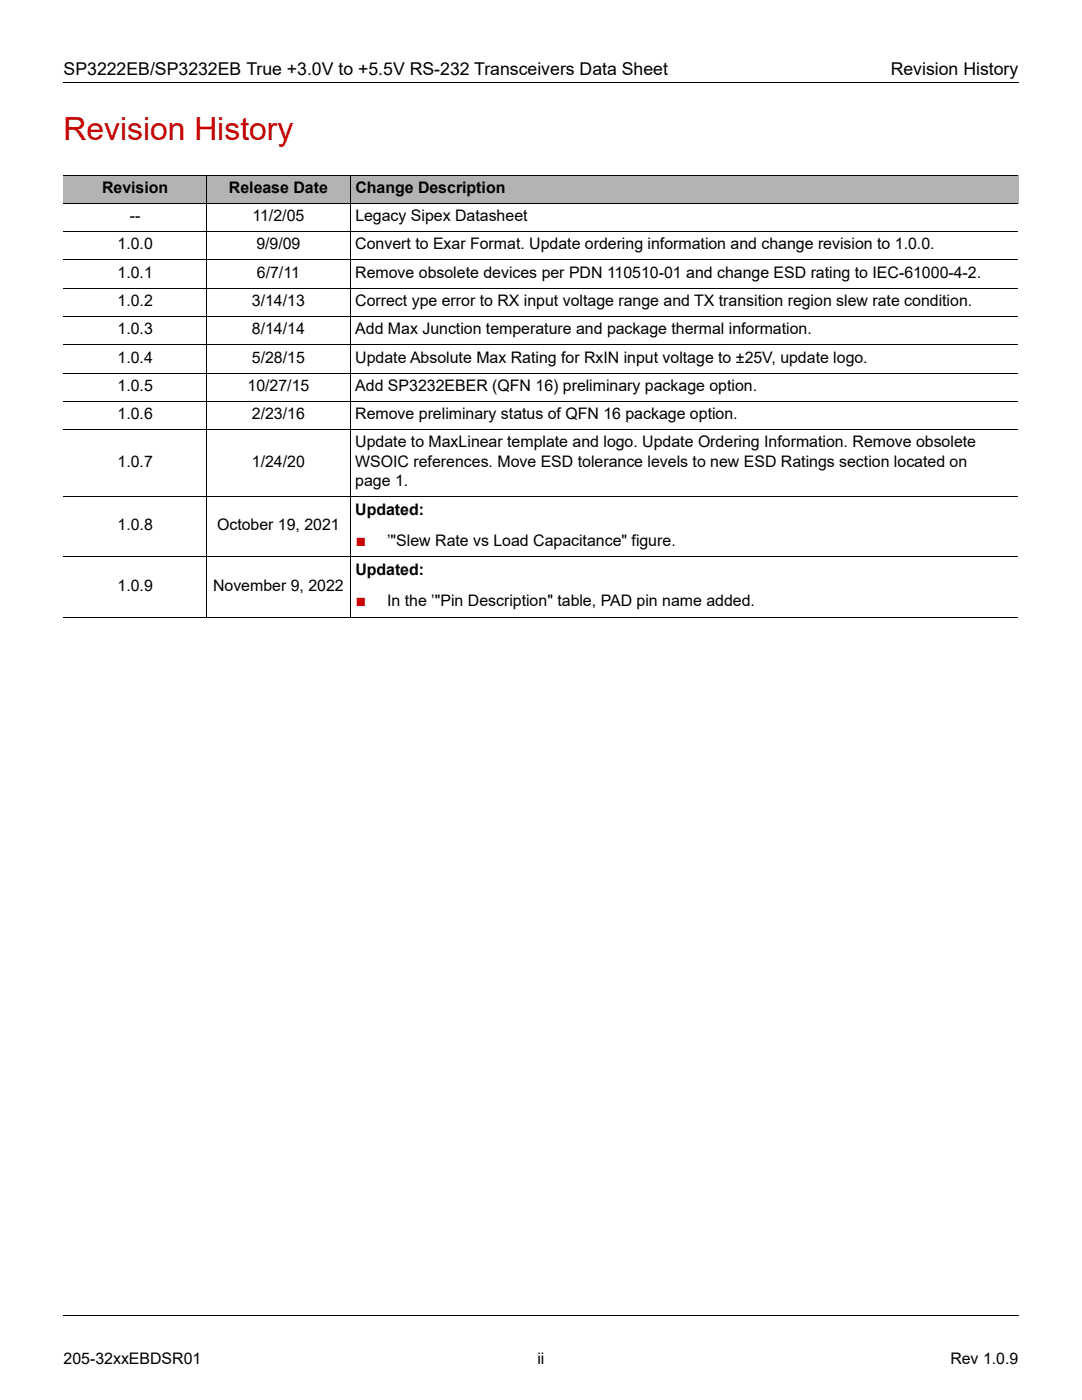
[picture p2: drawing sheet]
<svg xmlns="http://www.w3.org/2000/svg" width="216mm" height="279mm" viewBox="0 0 216 279" stroke-linecap="round" stroke-linejoin="round" font-family="sans-serif">
<defs><g id="words">
<text font-size="6.3" fill="#c00" x="12.7" y="27.9">Revision History</text>
<g font-size="3.5">
<text x="12.7" y="15">SP3222EB/SP3232EB True +3.0V to +5.5V RS-232 Transceivers Data Sheet</text>
<text x="177.7" y="15">Revision History</text>
</g>
<g font-size="3.5" fill="#c00">
<text x="70.9" y="108.9">■</text>
<text x="70.9" y="120.9">■</text>
</g>
<g font-size="3.2">
<text x="20.4" y="38.5">Revision</text>
<text x="45.7" y="38.5">Release Date</text>
<text x="70.9" y="38.5">Change Description</text>
<text x="25.9" y="44.1">--</text>
<text x="50.4" y="44.1">11/2/05</text>
<text x="70.9" y="44.1">Legacy Sipex Datasheet</text>
<text x="23.5" y="49.8">1.0.0</text>
<text x="51.1" y="49.8">9/9/09</text>
<text x="70.9" y="49.8">Convert to Exar Format. Update ordering information and change revision to 1.0.0.</text>
<text x="23.5" y="55.4">1.0.1</text>
<text x="51.3" y="55.4">6/7/11</text>
<text x="70.9" y="55.4">Remove obsolete devices per PDN 110510-01 and change ESD rating to IEC-61000-4-2.</text>
<text x="23.5" y="61.1">1.0.2</text>
<text x="50.3" y="61.1">3/14/13</text>
<text x="70.9" y="61.1">Correct ype error to RX input voltage range and TX transition region slew rate condition.</text>
<text x="23.5" y="66.7">1.0.3</text>
<text x="50.3" y="66.7">8/14/14</text>
<text x="70.9" y="66.7">Add Max Junction temperature and package thermal information.</text>
<text x="23.5" y="72.3">1.0.4</text>
<text x="23.5" y="78">1.0.5</text>
<text x="49.4" y="78">10/27/15</text>
<text x="50.3" y="72.3">5/28/15</text>
<text x="70.9" y="72.3">Update Absolute Max Rating for RxIN input voltage to ±25V, update logo.</text>
<text x="70.9" y="78">Add SP3232EBER (QFN 16) preliminary package option.</text>
<text x="23.5" y="83.6">1.0.6</text>
<text x="50.3" y="83.6">2/23/16</text>
<text x="70.9" y="83.6">Remove preliminary status of QFN 16 package option.</text>
<text x="70.9" y="89.3">Update to MaxLinear template and logo. Update Ordering Information. Remove obsolete</text>
<text x="23.5" y="93.2">1.0.7</text>
<text x="50.3" y="93.2">1/24/20</text>
<text x="70.9" y="93.2">WSOIC references. Move ESD tolerance levels to new ESD Ratings section located on</text>
<text x="70.9" y="97">page 1.</text>
<text x="23.5" y="105.9">1.0.8</text>
<text x="43.3" y="105.9">October 19, 2021</text>
<text x="70.9" y="102.7">Updated:</text>
<text x="77.3" y="108.9">’&quot;Slew Rate vs Load Capacitance&quot; figure.</text>
<text x="23.5" y="117.9">1.0.9</text>
<text x="42.5" y="117.9">November 9, 2022</text>
<text x="70.9" y="114.7">Updated:</text>
<text x="77.3" y="120.9">In the ’&quot;Pin Description&quot; table, PAD pin name added.</text>
<text x="12.7" y="272.2">205-32xxEBDSR01</text>
<text x="107.2" y="272.2">ii</text>
<text x="189.6" y="272.2">Rev 1.0.9</text>
</g>
</g></defs>
<path d="M12.7 16.4h190.5M12.7 262.5h190.5" fill="none" stroke="#000" stroke-width=".2"/>
<g fill="#b3b3b3">
<path d="M12.7 34.9h28.6v5.7h-28.6z"/>
<path d="M41.3 34.9h28.5v5.7h-28.5z"/>
<path d="M69.8 34.9h133.4v5.7h-133.4z"/>
</g>
<g fill="none" stroke="#000" stroke-width=".2">
<path d="M12.7 34.9h190.5M41.3 34.9v88.3M69.8 34.9v88.3M12.7 40.6h190.5M12.7 46.2h190.5M12.7 51.9h190.5M12.7 57.5h190.5M12.7 63.2h190.5M12.7 68.8h190.5M12.7 74.5h190.5M12.7 80.1h190.5M12.7 85.7h190.5"/>
<path d="M12.7 99.2h190.5M12.7 111.1h190.5M12.7 123.1h190.5"/>
</g>
<use href="#words"/>
</svg>

· · ·

▸ Exercise description: Print the records word for word and exclude any picture they hold.

▸ Answer area:
[picture p2: drawing sheet]
<svg xmlns="http://www.w3.org/2000/svg" width="216mm" height="279mm" viewBox="0 0 216 279" stroke-linecap="round" stroke-linejoin="round" font-family="sans-serif">
<defs><g id="words">
<text font-size="6.3" fill="#c00" x="12.7" y="27.9">Revision History</text>
<g font-size="3.5">
<text x="12.7" y="15">SP3222EB/SP3232EB True +3.0V to +5.5V RS-232 Transceivers Data Sheet</text>
<text x="177.7" y="15">Revision History</text>
</g>
<g font-size="3.5" fill="#c00">
<text x="70.9" y="108.9">■</text>
<text x="70.9" y="120.9">■</text>
</g>
<g font-size="3.2">
<text x="20.4" y="38.5">Revision</text>
<text x="45.7" y="38.5">Release Date</text>
<text x="70.9" y="38.5">Change Description</text>
<text x="25.9" y="44.1">--</text>
<text x="50.4" y="44.1">11/2/05</text>
<text x="70.9" y="44.1">Legacy Sipex Datasheet</text>
<text x="23.5" y="49.8">1.0.0</text>
<text x="51.1" y="49.8">9/9/09</text>
<text x="70.9" y="49.8">Convert to Exar Format. Update ordering information and change revision to 1.0.0.</text>
<text x="23.5" y="55.4">1.0.1</text>
<text x="51.3" y="55.4">6/7/11</text>
<text x="70.9" y="55.4">Remove obsolete devices per PDN 110510-01 and change ESD rating to IEC-61000-4-2.</text>
<text x="23.5" y="61.1">1.0.2</text>
<text x="50.3" y="61.1">3/14/13</text>
<text x="70.9" y="61.1">Correct ype error to RX input voltage range and TX transition region slew rate condition.</text>
<text x="23.5" y="66.7">1.0.3</text>
<text x="50.3" y="66.7">8/14/14</text>
<text x="70.9" y="66.7">Add Max Junction temperature and package thermal information.</text>
<text x="23.5" y="72.3">1.0.4</text>
<text x="23.5" y="78">1.0.5</text>
<text x="49.4" y="78">10/27/15</text>
<text x="50.3" y="72.3">5/28/15</text>
<text x="70.9" y="72.3">Update Absolute Max Rating for RxIN input voltage to ±25V, update logo.</text>
<text x="70.9" y="78">Add SP3232EBER (QFN 16) preliminary package option.</text>
<text x="23.5" y="83.6">1.0.6</text>
<text x="50.3" y="83.6">2/23/16</text>
<text x="70.9" y="83.6">Remove preliminary status of QFN 16 package option.</text>
<text x="70.9" y="89.3">Update to MaxLinear template and logo. Update Ordering Information. Remove obsolete</text>
<text x="23.5" y="93.2">1.0.7</text>
<text x="50.3" y="93.2">1/24/20</text>
<text x="70.9" y="93.2">WSOIC references. Move ESD tolerance levels to new ESD Ratings section located on</text>
<text x="70.9" y="97">page 1.</text>
<text x="23.5" y="105.9">1.0.8</text>
<text x="43.3" y="105.9">October 19, 2021</text>
<text x="70.9" y="102.7">Updated:</text>
<text x="77.3" y="108.9">’&quot;Slew Rate vs Load Capacitance&quot; figure.</text>
<text x="23.5" y="117.9">1.0.9</text>
<text x="42.5" y="117.9">November 9, 2022</text>
<text x="70.9" y="114.7">Updated:</text>
<text x="77.3" y="120.9">In the ’&quot;Pin Description&quot; table, PAD pin name added.</text>
<text x="12.7" y="272.2">205-32xxEBDSR01</text>
<text x="107.2" y="272.2">ii</text>
<text x="189.6" y="272.2">Rev 1.0.9</text>
</g>
</g></defs>
<path d="M12.7 16.4h190.5M12.7 262.5h190.5" fill="none" stroke="#000" stroke-width=".2"/>
<g fill="#b3b3b3">
<path d="M12.7 34.9h28.6v5.7h-28.6z"/>
<path d="M41.3 34.9h28.5v5.7h-28.5z"/>
<path d="M69.8 34.9h133.4v5.7h-133.4z"/>
</g>
<g fill="none" stroke="#000" stroke-width=".2">
<path d="M12.7 34.9h190.5M41.3 34.9v88.3M69.8 34.9v88.3M12.7 40.6h190.5M12.7 46.2h190.5M12.7 51.9h190.5M12.7 57.5h190.5M12.7 63.2h190.5M12.7 68.8h190.5M12.7 74.5h190.5M12.7 80.1h190.5M12.7 85.7h190.5"/>
<path d="M12.7 99.2h190.5M12.7 111.1h190.5M12.7 123.1h190.5"/>
</g>
<use href="#words"/>
</svg>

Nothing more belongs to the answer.